En lo que respecta a la calidad de la política hecha por la oposición, es memorable mediáticamente la escena en las noticias de TV de las inocultables sonrisas de satisfacción de sus dirigentes al decirle que no a los negociadores del gobierno al explicar su plan económico (Plan de Reconstrucción Nacional”) e invitando a votar a favor de discutir la iniciativa en el Parlamento. Negarse a conocer y discutir iniciativas en el Parlamento muestra a una oposición ‘çerrada’, insegura para exponerse a ideas y planes diferentes a su ideario. El PDG salvó la situación y habrá votos para la discusión del plan de gobierno, el cual ha entrado a la Comisión de Hacienda. Bien para los intereses del PDG, fue un obrar inteligente. Pero la oposición en su conjunto no tiene proyecto alternativo, por lo que no le queda más que oponerse a todo por doctrina (PC marxista leninista, y quizás Frente Amplio) o buscar quizá en el mediano plazo la construcción de un proyecto de sociedad alternativo (PS, PPD, PDC) sorteando por ahora aleatoriamente o ‘lo mejor que se pueda’ las contingencias actuales y mediatas, y hablándole a sus públicos más que al país.

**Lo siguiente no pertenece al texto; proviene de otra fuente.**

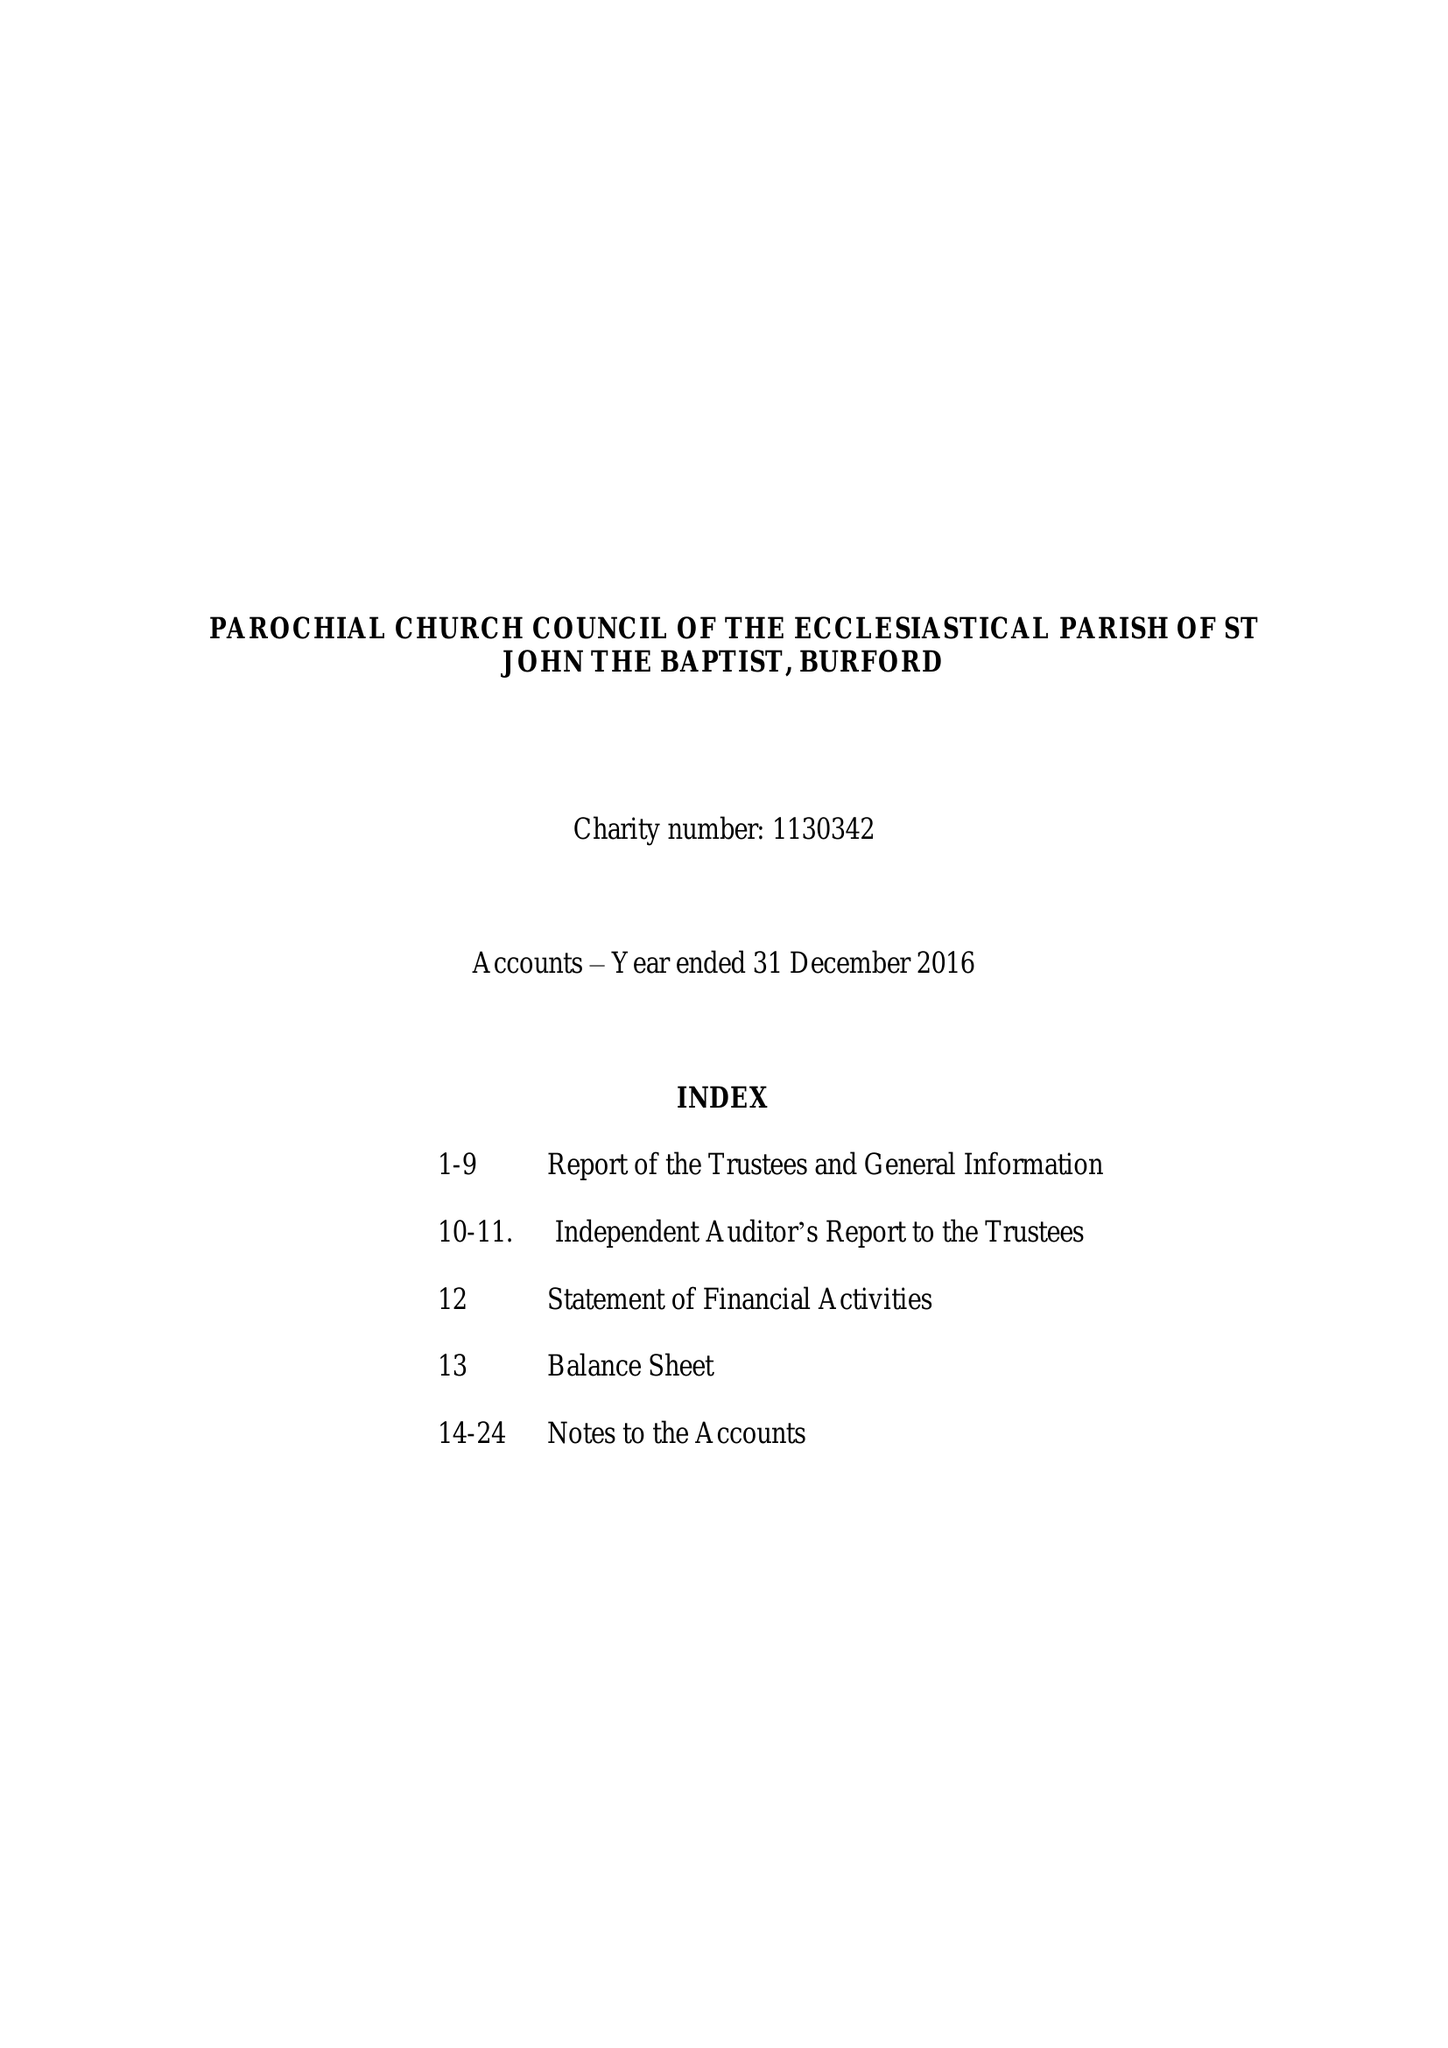What is the value for the address__street_line?
Answer the question using a single word or phrase. CHURCH GREEN 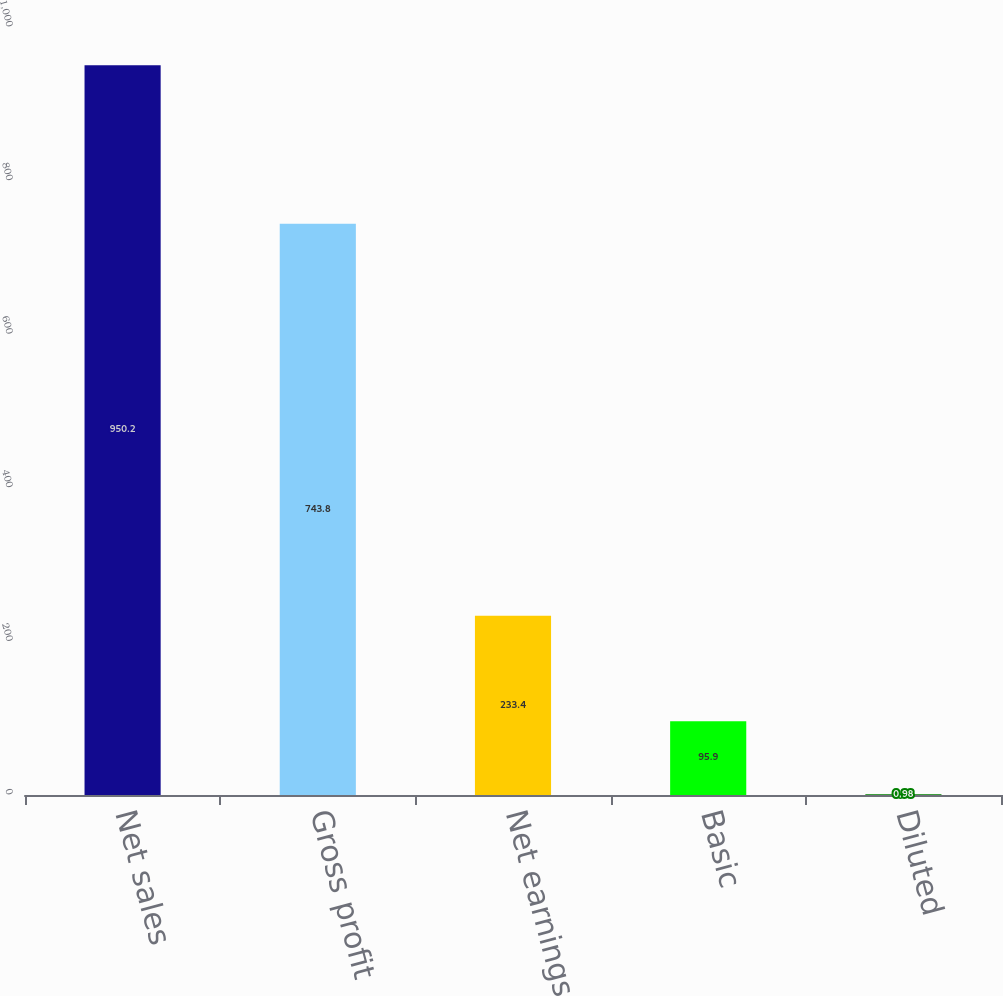Convert chart to OTSL. <chart><loc_0><loc_0><loc_500><loc_500><bar_chart><fcel>Net sales<fcel>Gross profit<fcel>Net earnings<fcel>Basic<fcel>Diluted<nl><fcel>950.2<fcel>743.8<fcel>233.4<fcel>95.9<fcel>0.98<nl></chart>

El Plan de Reconstrucción Nacional es un megaproyecto de 43 medidas en 5 ejes: competitividad tributaria (bajar impuesto corporativo de 27% hoy a 23% en 2029), empleo formal (incentivos a contratación, crédito tributario), facilitación regulatoria (agilizar permisos y trámites ambientales), certeza jurídica (invariabilidad tributaria para grandes inversiones por 25 años), contención del gasto público (ajuste del 15%, y descontinuar 142 programas estatales).
¿Aunque no conozcamos las más de 200 páginas en que está contenido este Plan y por tanto desconocemos sus 43 medidas, igual podemos tener una primera opinión acerca de él verdad? ¿Qué opinión tiene Ud. querido lector(a) de este Plan?
Modestamente le compartiré la mía. A primera vista no se ve mal rebajar impuesto a grandes empresas gradualmente y a tres años, asemejándose a promedios OCDE, si ello fuese acompañado de claras medidas pro-disminución del desempleo (en alza desde hace un tiempo, 8,9% primer trimestre 2026, 925 mil ciudadanos buscando empleo!), y mejoramiento de las compensaciones y condiciones laborales para los trabajadores/as en el país. Por otra parte, se ve bien agilizar y resolver aquello que se ha denominado ‘permisología’ y particularmente cuando su existencia empantana proyectos de inversión productiva que generan empleo y desarrollo. Es vox populi que el Estado -como la justicia- requiere un accionar más ágil y moderno, por tanto, si introducirle agilidad comienza por lo ambiental pues, ¡adelante!
Los otros dos puntos en cambio ameritan discusión pormenorizada y técnica para mejor opinar. Los 25 años de invariabilidad tributaria y descontinuar 142 programas estatales exigen miradas técnico- políticas en comisiones y Parlamento, y esperemos que los expertos en tales materias puedan orientarnos al respecto.